Start of EXERCISE DATA

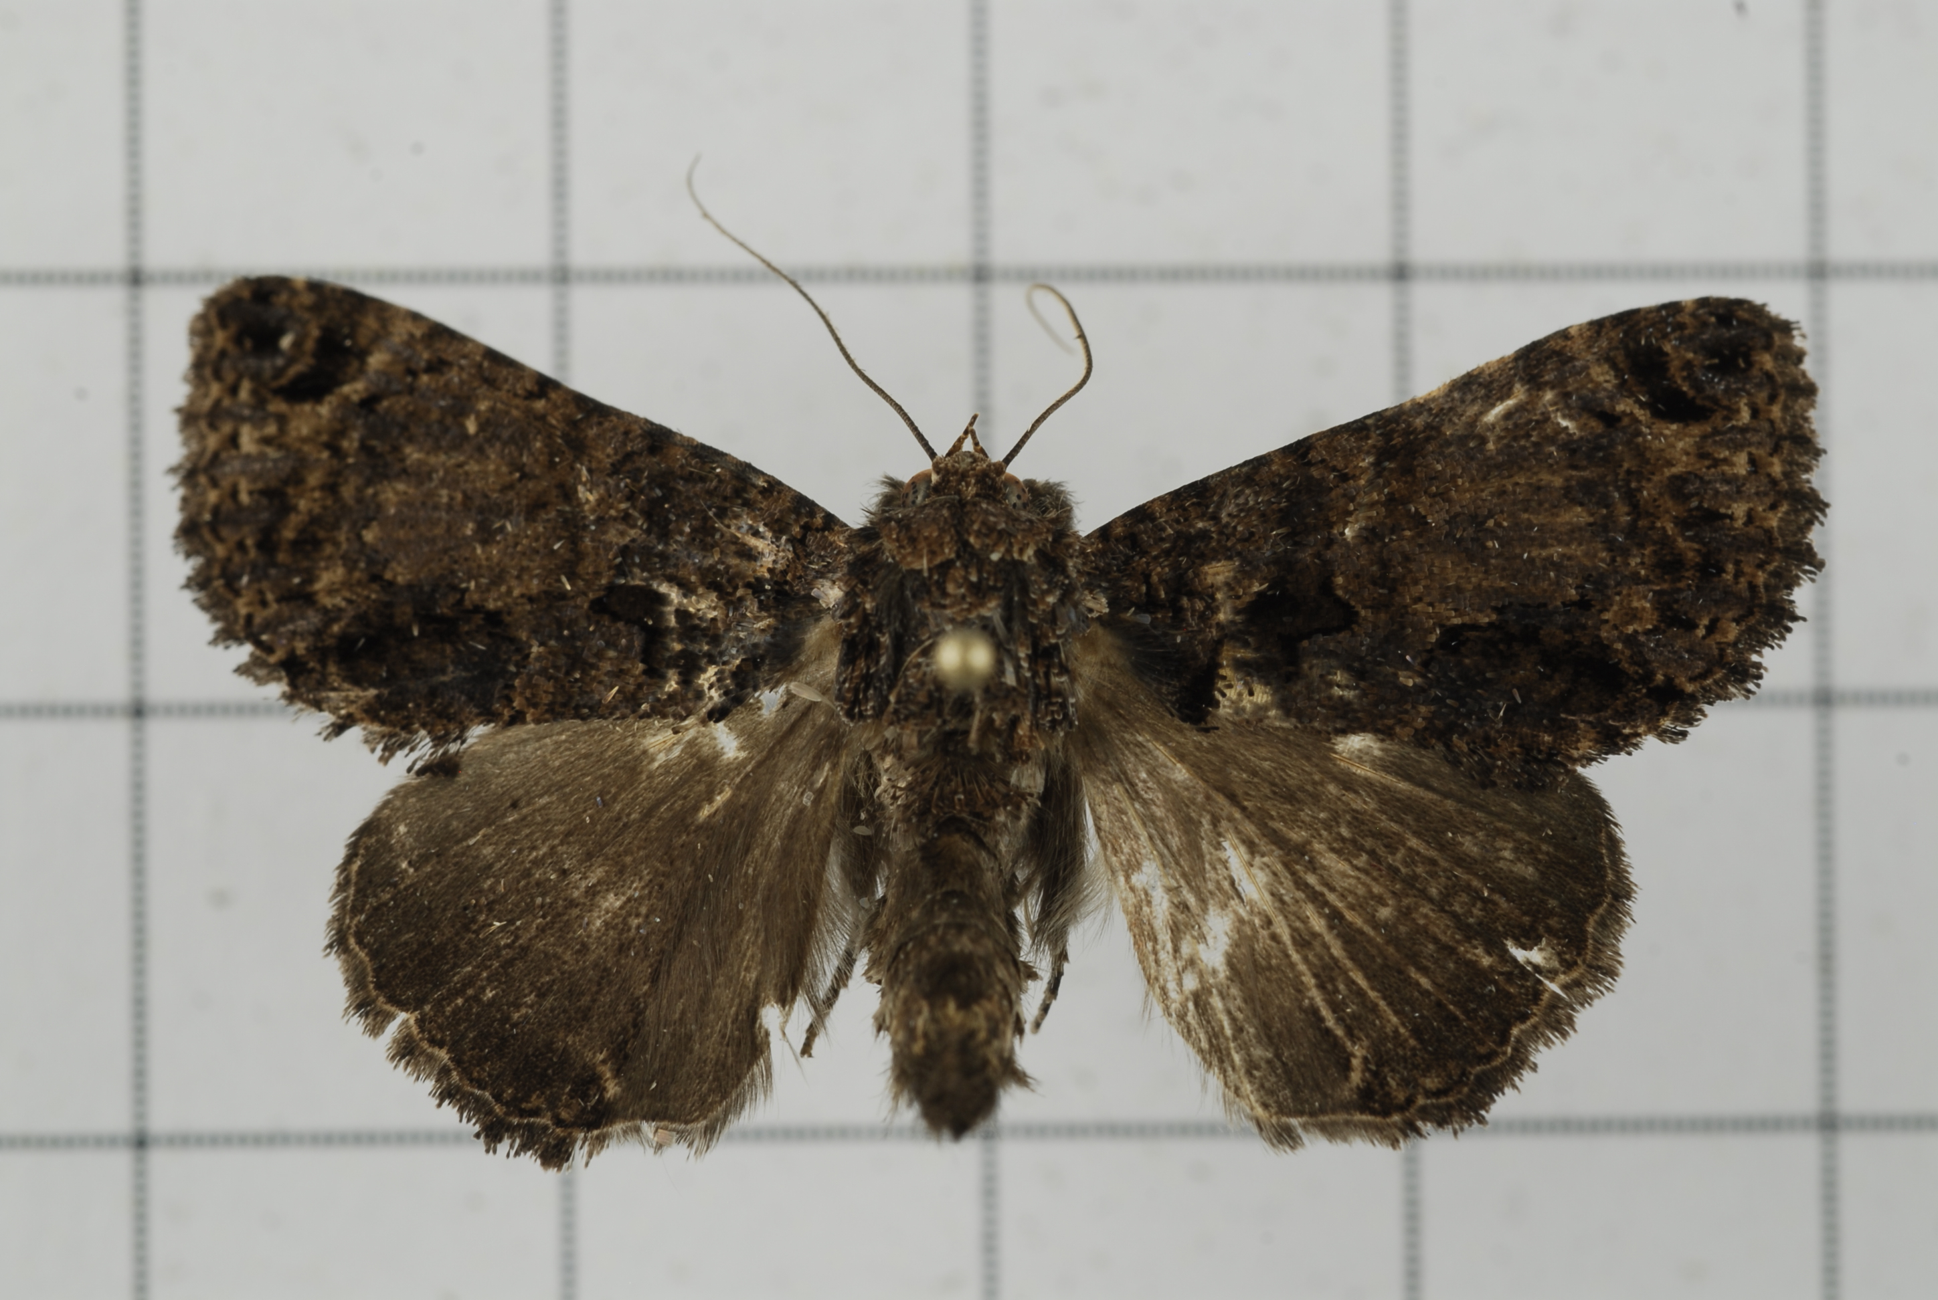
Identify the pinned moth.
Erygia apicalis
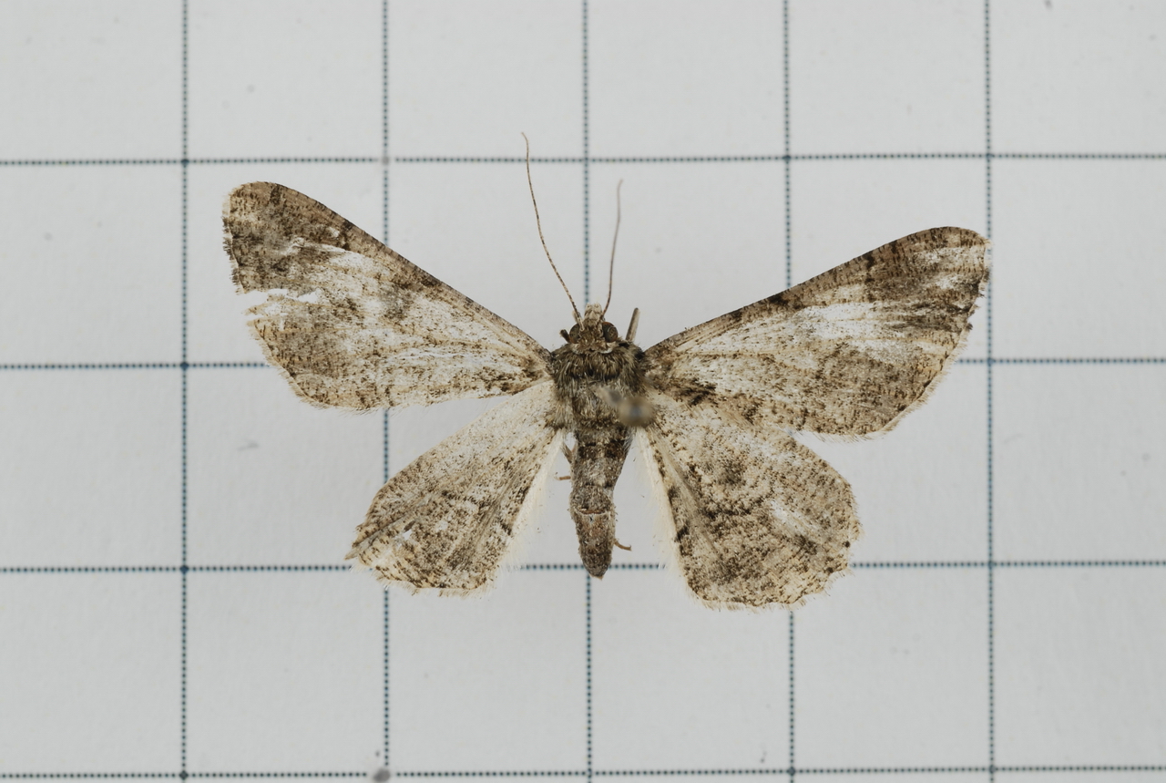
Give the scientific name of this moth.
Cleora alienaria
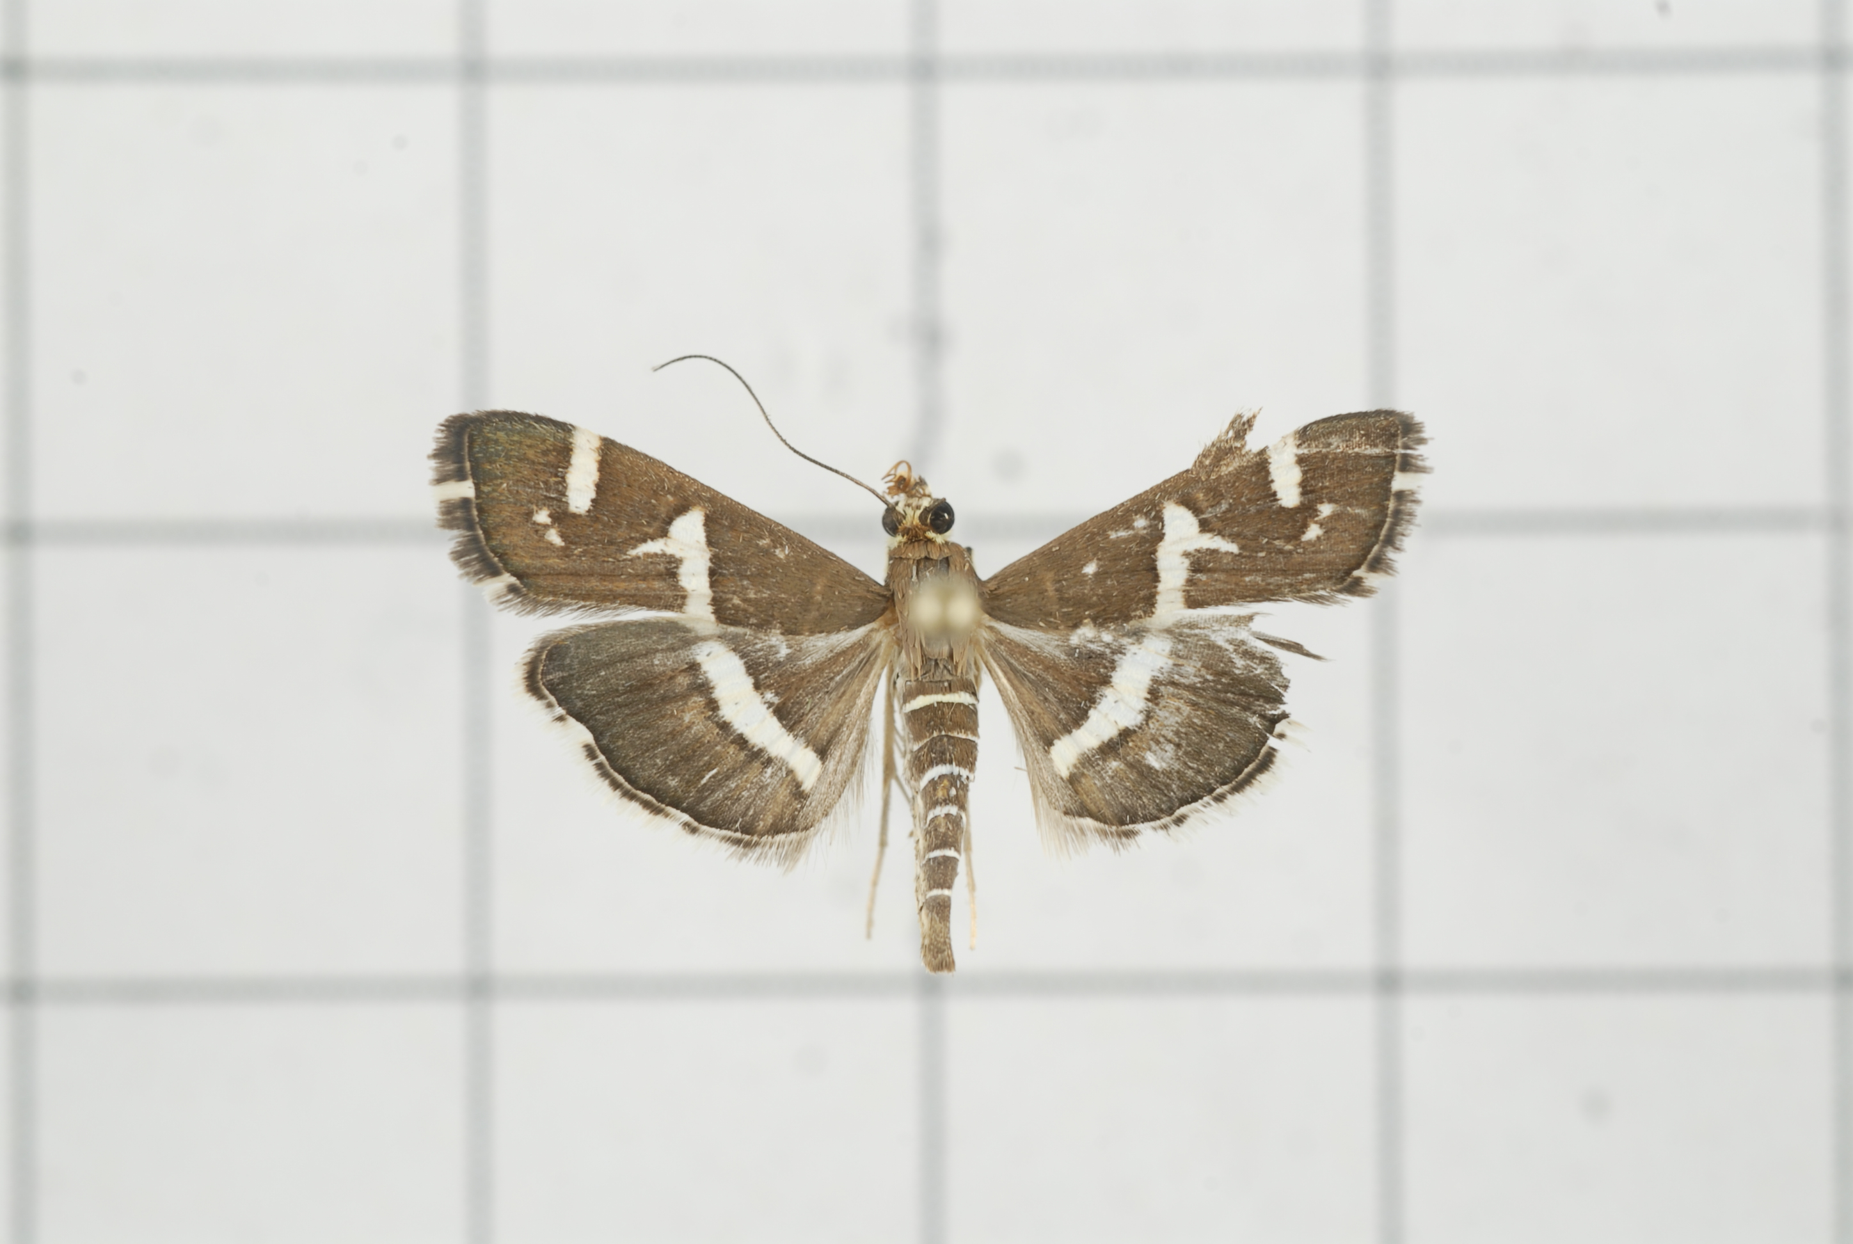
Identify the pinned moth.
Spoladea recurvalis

End of EXERCISE DATA

*WORK INSTRUCTIONS*:
Before answering, please find the line containing "Give the scientific name of this moth." above, then copy exactly from it through the last line of the entries, both included, without pictures.

*THE COMPLETED TASK*:
Give the scientific name of this moth.
Cleora alienaria
Identify the pinned moth.
Spoladea recurvalis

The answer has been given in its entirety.